I regret having stumbled upon a backwater of the internet completely devoid of humor.

While I must bill clients for all manner of products, systems, and services, I'm pleased to continue to provide snark and irony at no charge!

I'm so happy to hear that you think the collapse of the global environment is a matter for humor, and that fine tuning a garage door opener is a suitable response to the greatest crisis that humanity has faced in its evolutionary history.

That the elderly and handicapped managed for generations before automatic garage door openers were invented, of course, in no way undermines your continued rationalizations for their necessity.

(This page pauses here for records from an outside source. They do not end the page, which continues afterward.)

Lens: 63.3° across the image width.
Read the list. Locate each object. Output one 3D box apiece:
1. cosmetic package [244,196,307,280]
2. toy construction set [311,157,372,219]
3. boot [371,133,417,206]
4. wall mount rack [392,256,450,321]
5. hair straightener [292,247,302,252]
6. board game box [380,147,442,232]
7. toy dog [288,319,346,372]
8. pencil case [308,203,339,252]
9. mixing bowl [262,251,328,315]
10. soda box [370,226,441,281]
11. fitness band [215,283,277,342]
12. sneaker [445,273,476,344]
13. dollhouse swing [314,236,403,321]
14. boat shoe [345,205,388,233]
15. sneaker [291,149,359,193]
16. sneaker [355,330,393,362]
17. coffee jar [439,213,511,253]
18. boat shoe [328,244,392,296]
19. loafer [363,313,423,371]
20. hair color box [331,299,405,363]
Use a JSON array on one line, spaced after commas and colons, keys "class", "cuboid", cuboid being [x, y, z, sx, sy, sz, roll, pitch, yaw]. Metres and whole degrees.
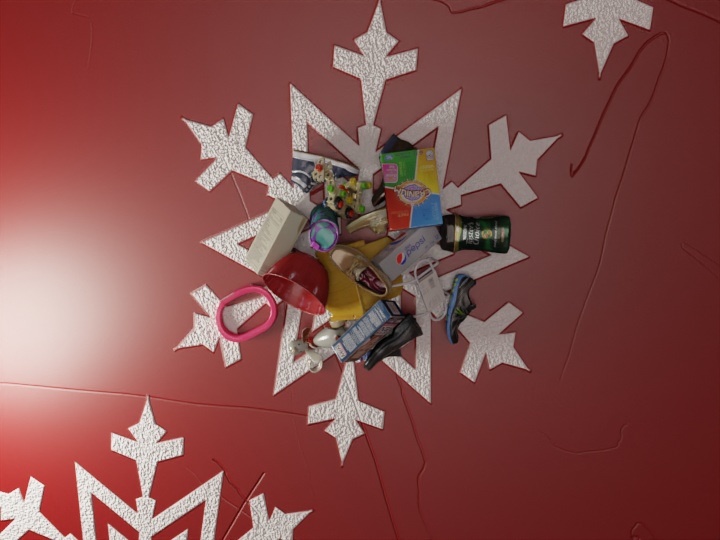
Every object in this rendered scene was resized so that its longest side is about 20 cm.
[{"class": "cosmetic package", "cuboid": [-0.239, -0.089, 1.651, 0.070, 0.105, 0.204, 22, 104, -42]}, {"class": "toy construction set", "cuboid": [-0.048, -0.215, 1.565, 0.090, 0.197, 0.136, 5, 75, 43]}, {"class": "boot", "cuboid": [0.073, -0.281, 1.635, 0.096, 0.075, 0.202, 39, 89, 5]}, {"class": "wall mount rack", "cuboid": [0.162, 0.062, 1.644, 0.171, 0.074, 0.204, -32, 119, -14]}, {"class": "hair straightener", "cuboid": [-0.149, -0.002, 1.702, 0.195, 0.041, 0.079, 25, 90, -7]}, {"class": "board game box", "cuboid": [0.137, -0.217, 1.575, 0.147, 0.040, 0.208, -7, 87, -1]}, {"class": "toy dog", "cuboid": [-0.115, 0.212, 1.703, 0.198, 0.096, 0.133, -40, 95, 8]}, {"class": "pencil case", "cuboid": [-0.103, -0.120, 1.598, 0.091, 0.201, 0.086, -37, 107, 9]}, {"class": "mixing bowl", "cuboid": [-0.159, 0.023, 1.601, 0.196, 0.201, 0.111, 29, 69, -2]}, {"class": "soda box", "cuboid": [0.127, -0.060, 1.618, 0.199, 0.063, 0.069, -40, 112, -11]}, {"class": "fitness band", "cuboid": [-0.340, 0.127, 1.734, 0.195, 0.037, 0.147, -25, 100, 7]}, {"class": "sneaker", "cuboid": [0.290, 0.115, 1.681, 0.080, 0.071, 0.207, 12, 98, 5]}, {"class": "dollhouse swing", "cuboid": [-0.002, 0.014, 1.683, 0.177, 0.174, 0.207, -8, 101, 38]}, {"class": "boat shoe", "cuboid": [0.055, -0.138, 1.644, 0.194, 0.074, 0.069, -21, 94, 6]}, {"class": "sneaker", "cuboid": [-0.103, -0.263, 1.641, 0.193, 0.070, 0.113, 14, 100, 2]}, {"class": "sneaker", "cuboid": [0.052, 0.180, 1.698, 0.194, 0.081, 0.119, -22, 100, 8]}, {"class": "coffee jar", "cuboid": [0.319, -0.103, 1.637, 0.192, 0.085, 0.109, 1, 99, 3]}, {"class": "boat shoe", "cuboid": [0.000, 0.000, 1.546, 0.196, 0.066, 0.075, 32, 101, 0]}, {"class": "loafer", "cuboid": [0.090, 0.214, 1.629, 0.200, 0.073, 0.072, -45, 91, 4]}, {"class": "hair color box", "cuboid": [0.022, 0.168, 1.608, 0.200, 0.099, 0.061, -44, 67, 19]}]
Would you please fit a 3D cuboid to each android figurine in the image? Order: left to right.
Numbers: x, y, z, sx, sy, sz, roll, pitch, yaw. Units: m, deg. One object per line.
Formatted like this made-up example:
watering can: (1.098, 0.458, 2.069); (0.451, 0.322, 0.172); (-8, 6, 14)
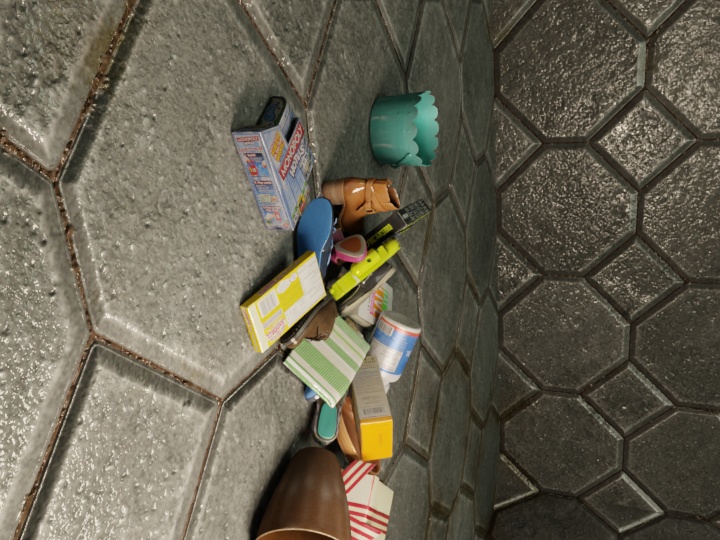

And I have to say that I'm in the best of company on using wood heat, as both Martin Holladay of GreenBuildingAdvisor.com and Alex Wilson of BuildingGreen.com, Environmental Building News and GreenSpec recently wrote blogs about the environmental advantages of burning wood and the decades that each of them have used it.

By George, I think we have reached agreement!

I'll keep chipping away at my standby and other loads, particularly my 3 garage door openers and sundry other insidious loads as warranted. I'll post my findings so others may learn and implement.

You'll keep preaching the end of the world as we know it!

My total energy bill last month for a 3400 SF home, 5 occupants, 50 windows, well and septic pumps, as well as water supply to two other dwellings, was $76, so I think I'm on the right track.

As we "speak" I'm sitting by a warm wood fire, combating an early cold snap here in north Florida. Wood was a secondary source of heat while I grew up in Mass. and a primary source of heat while I lived in Penna. from 1988-1995.

I'm quite familiar with and regularly participate at GBA, GreenBuildingTalk, GeoExchange, HVACTalk.

What I'm getting at is to ask you why expend great personal capital condemning one particular, very minor energy consuming appliance at the risk of alienating its dedicated users? Why not adopt a model wherein you undertake to meet a client's needs while dramatically reducing their energy costs?

Hey Curt and Robert:


Let's not go overboard here.

Curt: garage door openers are relative luxuries and the world did survive without them before but, Robert, they are hardly the worst environmental insult that most of us engage in.

I also heat with wood, albeit in a super efficient (80.6% if my memory is correct) 1993 Vermont Casting Defiant Encore wood stove.  When it is hot and I have adjusted it properly, it is extremely clean (0.6 grams of soot per hour, or so the specs tell me). 

But I know it is not always operating that well and I can sometimes smell the smoke outside.  Either way, I am not contributing to global warming so does that make the extra air pollution acceptable?  I'm not sure but I have opted to burn wood.

I also have a 1993 Honda VX that just passed 283K miles today and still gets its' rated MPG when I drive carefully (55 MPG highway).  My old car pollutes a bit more than a new one (a little bit of NOX especially due to lean burn technology) - but I am not consuming resources to manufacture a new car every several years.

My electricity comes from early '90's PV panels that I installed on Jan 1, 2010.  They make no pollution now but they did when they were constructed.

Does this make my impact less than the average America?  I daresay yes but I am a lot less virtuous than some people I know - who live without a car and are a lot less connected to the creature comforts of society than I am.

Robert: I don't know what your lifestyle is -  maybe you also don't own a car, all your electricity comes from renewables, you recycle, you re-purpose everything but you are certainly not perfect.  I daresay your time on the computer is burning a fair amount of electricity - and even if it were made by renewables, that electricity could be powering something else if you weren't on the computer so much.

I agree with you that the planet has hardly begun to react to the insults we have placed on it and I believe there is a lot of human suffering ahead - and that, as intelligent creatures, we had a choice if we had wanted to not have it be this way.  My own lifestyle - and I daresay yours - is not sustainable - though I (and hopefully all of us on this site) am open to the idea of improving it.

All I can think of is the quote from the Bible: "Let he who has not sinned cast the first stone."